**What the task asks:** Look through the records below for the line with "std::vector<int32_t> bins_max_length(num_bins, 0);". Return that line and each one after it up to and including the line with "std::vector<std::vector<int32_t>> bins_group_list(num_bins); //", exactly.

**Provided data:**
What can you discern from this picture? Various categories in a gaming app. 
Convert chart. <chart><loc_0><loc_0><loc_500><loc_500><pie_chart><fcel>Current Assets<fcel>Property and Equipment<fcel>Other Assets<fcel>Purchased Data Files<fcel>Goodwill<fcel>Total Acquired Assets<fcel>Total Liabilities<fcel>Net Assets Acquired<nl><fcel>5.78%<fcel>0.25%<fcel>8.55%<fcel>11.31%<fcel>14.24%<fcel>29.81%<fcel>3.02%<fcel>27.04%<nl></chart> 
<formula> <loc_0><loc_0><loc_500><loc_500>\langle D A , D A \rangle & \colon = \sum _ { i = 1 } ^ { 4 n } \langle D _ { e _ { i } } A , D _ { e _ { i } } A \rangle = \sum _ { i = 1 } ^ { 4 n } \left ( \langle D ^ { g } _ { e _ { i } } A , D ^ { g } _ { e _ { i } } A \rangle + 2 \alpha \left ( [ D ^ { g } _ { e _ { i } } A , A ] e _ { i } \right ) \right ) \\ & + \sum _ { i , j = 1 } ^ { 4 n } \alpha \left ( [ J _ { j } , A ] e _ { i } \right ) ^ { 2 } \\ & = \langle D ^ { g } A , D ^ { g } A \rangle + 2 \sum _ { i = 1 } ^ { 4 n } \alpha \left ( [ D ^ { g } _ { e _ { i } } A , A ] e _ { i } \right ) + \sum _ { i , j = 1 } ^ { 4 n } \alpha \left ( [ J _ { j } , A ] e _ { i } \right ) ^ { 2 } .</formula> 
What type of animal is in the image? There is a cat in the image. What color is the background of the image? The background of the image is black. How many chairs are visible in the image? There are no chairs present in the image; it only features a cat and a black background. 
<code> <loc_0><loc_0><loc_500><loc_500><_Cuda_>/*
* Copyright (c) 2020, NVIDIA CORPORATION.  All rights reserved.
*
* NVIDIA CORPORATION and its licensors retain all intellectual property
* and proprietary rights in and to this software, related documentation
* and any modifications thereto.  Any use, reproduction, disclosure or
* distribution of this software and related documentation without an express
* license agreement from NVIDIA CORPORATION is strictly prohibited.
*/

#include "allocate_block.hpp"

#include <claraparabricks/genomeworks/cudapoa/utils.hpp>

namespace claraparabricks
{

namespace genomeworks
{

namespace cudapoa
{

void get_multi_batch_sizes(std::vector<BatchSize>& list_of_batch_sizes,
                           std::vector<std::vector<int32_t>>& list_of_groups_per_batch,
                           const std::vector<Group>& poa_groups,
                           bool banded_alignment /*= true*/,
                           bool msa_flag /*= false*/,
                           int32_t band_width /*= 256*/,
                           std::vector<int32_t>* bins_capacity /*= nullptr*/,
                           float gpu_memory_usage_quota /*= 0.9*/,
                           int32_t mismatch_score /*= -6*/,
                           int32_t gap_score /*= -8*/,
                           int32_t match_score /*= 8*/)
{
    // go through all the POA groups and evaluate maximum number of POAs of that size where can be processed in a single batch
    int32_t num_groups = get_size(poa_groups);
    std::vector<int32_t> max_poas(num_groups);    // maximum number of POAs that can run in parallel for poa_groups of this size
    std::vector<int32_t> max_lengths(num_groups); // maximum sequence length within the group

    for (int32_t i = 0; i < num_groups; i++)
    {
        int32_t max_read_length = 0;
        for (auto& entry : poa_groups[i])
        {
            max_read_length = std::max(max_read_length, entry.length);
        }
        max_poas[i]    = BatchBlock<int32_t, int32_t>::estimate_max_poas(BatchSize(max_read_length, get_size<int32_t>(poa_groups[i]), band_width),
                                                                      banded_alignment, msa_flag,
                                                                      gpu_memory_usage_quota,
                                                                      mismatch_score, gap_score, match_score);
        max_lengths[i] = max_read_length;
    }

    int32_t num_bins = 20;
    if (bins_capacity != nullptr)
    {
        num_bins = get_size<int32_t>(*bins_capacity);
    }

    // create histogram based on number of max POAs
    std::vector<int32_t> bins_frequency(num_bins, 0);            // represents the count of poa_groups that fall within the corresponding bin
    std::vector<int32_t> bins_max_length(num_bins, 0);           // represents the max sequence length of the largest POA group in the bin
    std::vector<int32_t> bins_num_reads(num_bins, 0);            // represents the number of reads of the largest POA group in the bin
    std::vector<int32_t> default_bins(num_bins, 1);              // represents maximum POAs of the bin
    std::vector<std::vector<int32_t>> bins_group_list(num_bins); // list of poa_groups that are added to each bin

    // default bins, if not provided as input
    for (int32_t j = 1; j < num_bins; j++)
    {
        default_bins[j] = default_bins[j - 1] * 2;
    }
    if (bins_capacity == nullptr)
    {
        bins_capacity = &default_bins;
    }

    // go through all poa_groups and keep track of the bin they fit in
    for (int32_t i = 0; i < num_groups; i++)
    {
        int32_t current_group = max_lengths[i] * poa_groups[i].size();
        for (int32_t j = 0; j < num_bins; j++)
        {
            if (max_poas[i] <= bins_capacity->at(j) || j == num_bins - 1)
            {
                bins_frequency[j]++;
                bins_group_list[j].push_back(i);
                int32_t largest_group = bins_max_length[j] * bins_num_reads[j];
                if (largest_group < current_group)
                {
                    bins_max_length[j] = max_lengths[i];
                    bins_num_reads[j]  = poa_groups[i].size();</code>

**Answer to the exercise:**
    std::vector<int32_t> bins_max_length(num_bins, 0);           // represents the max sequence length of the largest POA group in the bin
    std::vector<int32_t> bins_num_reads(num_bins, 0);            // represents the number of reads of the largest POA group in the bin
    std::vector<int32_t> default_bins(num_bins, 1);              // represents maximum POAs of the bin
    std::vector<std::vector<int32_t>> bins_group_list(num_bins); // list of poa_groups that are added to each bin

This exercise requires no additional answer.